What puzzles me is that the all-German elections Molotov was arguing for in 1947 would--as he must have known--produce a Reichstag where Communists were decidedly in a minority. Even if the elections in the Soviet zone were totally manipulated (and as late as September-October 1946 the SED suffered embarrassing defeats in some local elections https://books.google.com/books?id=pIIeG_yn72wC&pg=PA153) it would easily be outvoted by the other three zones. Maybe Stalin thought the economic situation in western Germany was so desperate that an all-German government would be left-leaning if not immediately Communist. In any event, the Western powers must themselves have feared a unified Germany with Soviet influence still strong in the eastern zone might be too left-wing; they argued in favor of a looser, more federal structure for Germany. The Soviets thought this would just allow more power for locally influential "reactionaries" to undermine a left-of-center all-German government.

The differences between the western and Soviet positions have been summed up as follows:

"When he got to Moscow, Marshall also tried to sell the demilitarization pact to the Russians. Molotov, however, questioned its benefits. He was much more concerned with obtaining reparations from current German production to fuel Russian recovery. This issue became the major stumbling block at the conference.

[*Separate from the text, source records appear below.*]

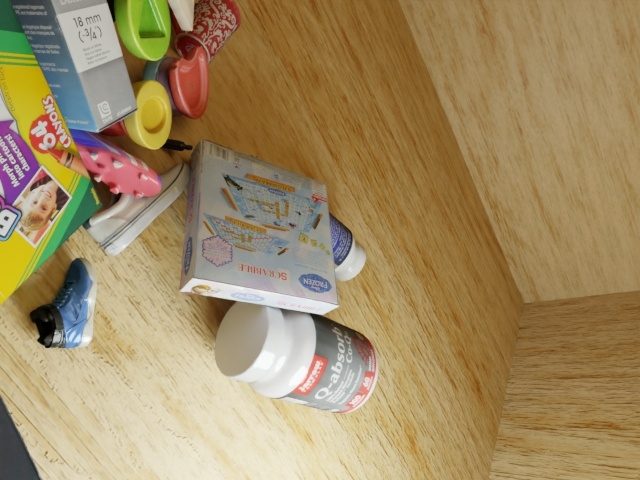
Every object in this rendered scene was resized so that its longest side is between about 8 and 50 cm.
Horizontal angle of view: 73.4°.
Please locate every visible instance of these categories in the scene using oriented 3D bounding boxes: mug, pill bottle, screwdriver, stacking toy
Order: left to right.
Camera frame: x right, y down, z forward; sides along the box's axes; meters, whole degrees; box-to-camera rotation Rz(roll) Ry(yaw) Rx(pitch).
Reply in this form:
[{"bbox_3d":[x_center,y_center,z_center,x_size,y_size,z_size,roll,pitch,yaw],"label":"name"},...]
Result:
[{"bbox_3d":[-0.339,-0.346,0.825,0.309,0.130,0.279,-70,164,-59],"label":"stacking toy"},{"bbox_3d":[-0.267,-0.202,0.941,0.025,0.170,0.024,91,7,-64],"label":"screwdriver"},{"bbox_3d":[-0.296,-0.518,1.059,0.113,0.150,0.169,83,22,-58],"label":"mug"},{"bbox_3d":[-0.047,0.265,0.988,0.363,0.210,0.210,31,55,-40],"label":"pill bottle"},{"bbox_3d":[0.000,0.000,1.179,0.264,0.153,0.153,37,52,-37],"label":"pill bottle"}]

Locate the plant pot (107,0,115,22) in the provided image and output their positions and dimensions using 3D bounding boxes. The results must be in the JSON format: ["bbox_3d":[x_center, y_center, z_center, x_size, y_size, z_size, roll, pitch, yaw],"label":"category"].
[{"bbox_3d":[-0.468,-0.407,0.742,0.188,0.187,0.167,51,31,-26],"label":"plant pot"}]

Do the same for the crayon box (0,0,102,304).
[{"bbox_3d":[-0.464,-0.084,0.526,0.363,0.106,0.313,94,15,-49],"label":"crayon box"}]

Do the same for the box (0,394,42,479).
[{"bbox_3d":[-0.486,0.252,0.396,0.296,0.294,0.183,-29,100,-50],"label":"box"}]

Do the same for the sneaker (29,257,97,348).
[{"bbox_3d":[-0.425,0.101,0.708,0.084,0.058,0.152,11,76,-57],"label":"sneaker"}]

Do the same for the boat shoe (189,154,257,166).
[{"bbox_3d":[-0.177,-0.158,1.051,0.302,0.113,0.103,-3,86,-50],"label":"boat shoe"}]

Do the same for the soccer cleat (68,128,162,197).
[{"bbox_3d":[-0.396,-0.157,0.760,0.248,0.083,0.095,21,42,-15],"label":"soccer cleat"}]

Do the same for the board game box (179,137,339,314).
[{"bbox_3d":[-0.118,-0.023,0.898,0.318,0.066,0.318,16,54,-32],"label":"board game box"}]

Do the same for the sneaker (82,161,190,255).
[{"bbox_3d":[-0.347,-0.089,0.838,0.091,0.094,0.258,50,42,-24],"label":"sneaker"}]

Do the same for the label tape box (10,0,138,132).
[{"bbox_3d":[-0.425,-0.335,0.595,0.106,0.240,0.334,-61,156,-48],"label":"label tape box"}]
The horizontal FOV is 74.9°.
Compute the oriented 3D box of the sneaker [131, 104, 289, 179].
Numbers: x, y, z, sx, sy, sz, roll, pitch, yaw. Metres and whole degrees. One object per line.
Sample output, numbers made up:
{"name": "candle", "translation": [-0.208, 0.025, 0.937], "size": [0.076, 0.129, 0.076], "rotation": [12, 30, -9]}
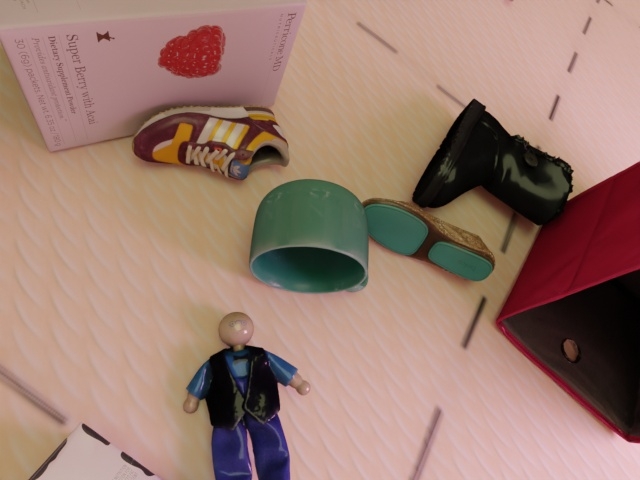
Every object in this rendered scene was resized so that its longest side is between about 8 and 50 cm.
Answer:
{"name": "sneaker", "translation": [-0.125, -0.112, 0.506], "size": [0.185, 0.070, 0.084], "rotation": [-17, 69, -25]}

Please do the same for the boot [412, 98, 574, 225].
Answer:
{"name": "boot", "translation": [0.271, -0.089, 0.629], "size": [0.207, 0.094, 0.247], "rotation": [36, 54, 1]}

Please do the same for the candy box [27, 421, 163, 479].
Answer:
{"name": "candy box", "translation": [-0.164, 0.268, 0.308], "size": [0.196, 0.070, 0.165], "rotation": [37, 47, -3]}

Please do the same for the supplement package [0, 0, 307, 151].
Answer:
{"name": "supplement package", "translation": [-0.196, -0.250, 0.477], "size": [0.292, 0.177, 0.176], "rotation": [-22, 76, -26]}

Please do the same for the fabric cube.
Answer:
{"name": "fabric cube", "translation": [0.440, 0.065, 0.535], "size": [0.254, 0.259, 0.258], "rotation": [41, 58, 1]}

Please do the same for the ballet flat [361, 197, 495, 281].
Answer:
{"name": "ballet flat", "translation": [0.142, -0.008, 0.574], "size": [0.206, 0.073, 0.067], "rotation": [28, 34, -10]}

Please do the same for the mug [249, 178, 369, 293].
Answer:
{"name": "mug", "translation": [-0.009, -0.002, 0.480], "size": [0.129, 0.158, 0.098], "rotation": [0, 63, 6]}

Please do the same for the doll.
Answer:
{"name": "doll", "translation": [-0.071, 0.164, 0.420], "size": [0.128, 0.046, 0.189], "rotation": [-9, 65, -14]}
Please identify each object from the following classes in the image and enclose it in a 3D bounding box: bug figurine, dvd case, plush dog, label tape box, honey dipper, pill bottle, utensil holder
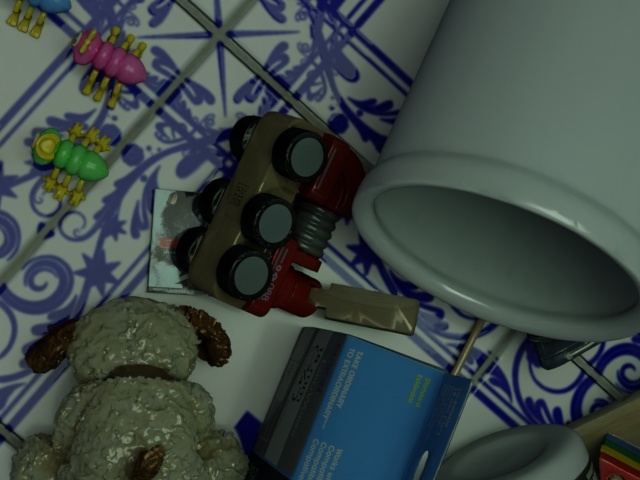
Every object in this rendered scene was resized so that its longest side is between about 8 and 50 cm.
[{"bbox_3d":[-0.309,-0.171,1.410,0.216,0.072,0.279,23,83,-12],"label":"bug figurine"},{"bbox_3d":[-0.152,0.003,1.472,0.087,0.013,0.120,5,89,-13],"label":"dvd case"},{"bbox_3d":[-0.204,0.167,1.383,0.262,0.211,0.225,-2,66,-13],"label":"plush dog"},{"bbox_3d":[0.017,0.220,1.341,0.105,0.333,0.241,23,83,-11],"label":"label tape box"},{"bbox_3d":[0.170,0.143,1.536,0.030,0.030,0.161,31,80,-10],"label":"honey dipper"},{"bbox_3d":[0.262,0.394,1.464,0.187,0.188,0.334,-24,99,-13],"label":"pill bottle"},{"bbox_3d":[0.252,-0.135,1.385,0.327,0.327,0.386,28,68,-11],"label":"utensil holder"}]

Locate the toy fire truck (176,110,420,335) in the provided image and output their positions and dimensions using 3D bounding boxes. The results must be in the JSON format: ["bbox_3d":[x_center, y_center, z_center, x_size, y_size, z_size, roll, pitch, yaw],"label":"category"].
[{"bbox_3d":[0.000,0.000,1.456,0.246,0.158,0.217,28,86,-39],"label":"toy fire truck"}]

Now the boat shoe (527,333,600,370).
[{"bbox_3d":[0.355,0.078,1.540,0.254,0.095,0.079,-24,103,-29],"label":"boat shoe"}]

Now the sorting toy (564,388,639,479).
[{"bbox_3d":[0.435,0.293,1.489,0.257,0.089,0.255,-33,98,29],"label":"sorting toy"}]
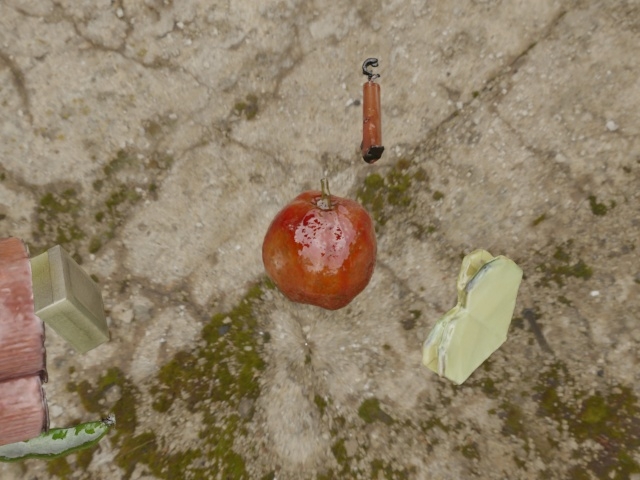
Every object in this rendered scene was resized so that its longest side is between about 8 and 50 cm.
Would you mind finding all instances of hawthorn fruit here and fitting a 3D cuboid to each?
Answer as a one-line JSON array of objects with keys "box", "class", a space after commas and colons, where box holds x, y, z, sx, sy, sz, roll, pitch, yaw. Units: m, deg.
[{"box": [0.000, 0.000, 1.015, 0.205, 0.253, 0.205, -2, 45, 2], "class": "hawthorn fruit"}]

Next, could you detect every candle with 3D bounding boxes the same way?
[{"box": [-0.453, 0.108, 0.765, 0.132, 0.316, 0.287, -7, 48, -34], "class": "candle"}, {"box": [0.049, -0.129, 0.563, 0.021, 0.026, 0.167, 4, 44, 0], "class": "candle"}]

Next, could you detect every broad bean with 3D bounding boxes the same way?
[{"box": [-0.479, 0.352, 1.017, 0.255, 0.046, 0.065, -10, 106, -1], "class": "broad bean"}]

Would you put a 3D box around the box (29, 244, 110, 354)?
[{"box": [-0.250, 0.057, 0.580, 0.035, 0.079, 0.083, -28, 47, -5], "class": "box"}]

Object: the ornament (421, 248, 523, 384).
[{"box": [0.244, 0.127, 0.885, 0.059, 0.180, 0.201, 24, 83, 46], "class": "ornament"}]
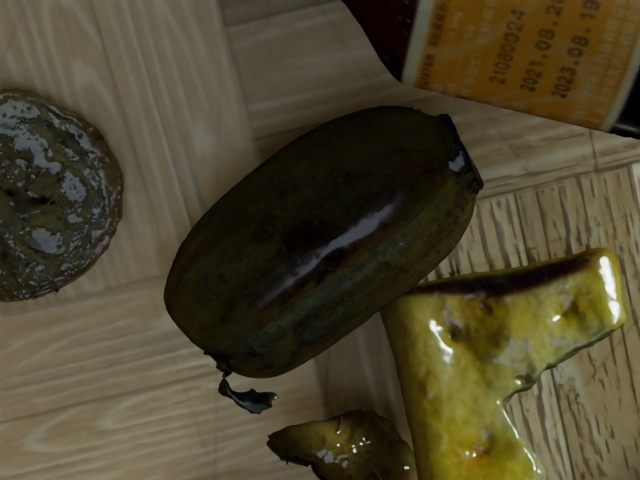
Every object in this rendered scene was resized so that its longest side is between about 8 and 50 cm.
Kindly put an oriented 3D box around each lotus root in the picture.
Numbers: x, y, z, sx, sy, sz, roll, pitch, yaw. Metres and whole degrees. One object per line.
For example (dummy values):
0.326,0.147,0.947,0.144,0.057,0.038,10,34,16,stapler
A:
0.000,0.000,1.171,0.241,0.123,0.124,-37,138,8,lotus root

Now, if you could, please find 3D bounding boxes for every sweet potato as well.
0.094,0.220,1.266,0.310,0.098,0.124,27,116,-1,sweet potato

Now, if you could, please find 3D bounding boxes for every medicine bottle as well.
0.054,-0.219,1.034,0.395,0.242,0.242,19,110,3,medicine bottle

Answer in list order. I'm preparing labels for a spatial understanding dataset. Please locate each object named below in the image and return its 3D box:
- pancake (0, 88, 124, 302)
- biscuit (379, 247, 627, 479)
-0.213,-0.030,1.199,0.158,0.028,0.158,-1,109,-2,pancake
0.136,0.103,1.218,0.174,0.039,0.183,-7,76,-1,biscuit

If the United States agreed to this demand and to Soviet participation in the control of the Ruhr, Molotov indicated that he would accept an upward revision in the level of German industry as well as economic unification of the four zones.

"Although the bleakness of Russian life lent credibility to Molotov's arguments, the U.S. delegates had no desire to accommodate the Soviet position. They feared that reparations from current production would tie the western zones of Germany to the Soviet economy. Moreover, if the Russians participated in the supervision of the Ruhr, they could meddle in West European economic affairs and add to the costs of the U.S. occupation. Likewise, if the United States accepted a more centralized structure for the German provisional government. the German Communists might well increase their influence. The American delegates contended that the Potsdam accords forbade reparations from current production. But Marshall was uncomfortable with this argument. Not only did the British disagree, but even some U.S. officials doubted its veracity..." https://books.google.com/books?id=pIIeG_yn72wC&pg=PA153

BTW, here are Ernest Bevin's recollections of a conversation with Molotov in 1947 (well, at least according to what Guy Burgess told Harold Nicolson--and despite Burgess' obvious credibility problems, this really does sound like Bevin):

"Now, Mr Molotov, what is it that you want? What are you after? Do you want to get Austria behind your Iron Curtain? You can't do that. Do you want Turkey and the Straits ? You can't have them. Do you want Korea? You can't have that. You are putting your neck out too far, and one day you will have it chopped off.. .. You cannot look on me as an enemy of Russia. Why, when our Government was trying to stamp out your Revolution, who was it that stopped it? It was I, Ernest Bevin. I called out the transport workers and they refused to load the ships. Now again I am speaking to you as a friend... If war comes between you and America in the East, then we may be able to remain neutral. But if war comes between you and America in the West, then we shall be on America's side. Make no mistake about that. That would be the end of Russia and of your Revolution. So please stop sticking out your neck in this way and tell me what you are after. What do you want?"

"I want a unified Germany," said Molotov.

"Why do you want that? Do you really believe that a unified Germany would go Communist? They might pretend to. They would say all the right things and repeat all the correct formulas. But in their hearts they would be longing for the day when they would revenge their defeat at Stalingrad. You know that as well as I do."

"Yes," said Molotov, "I know that. But I still want a unified Germany."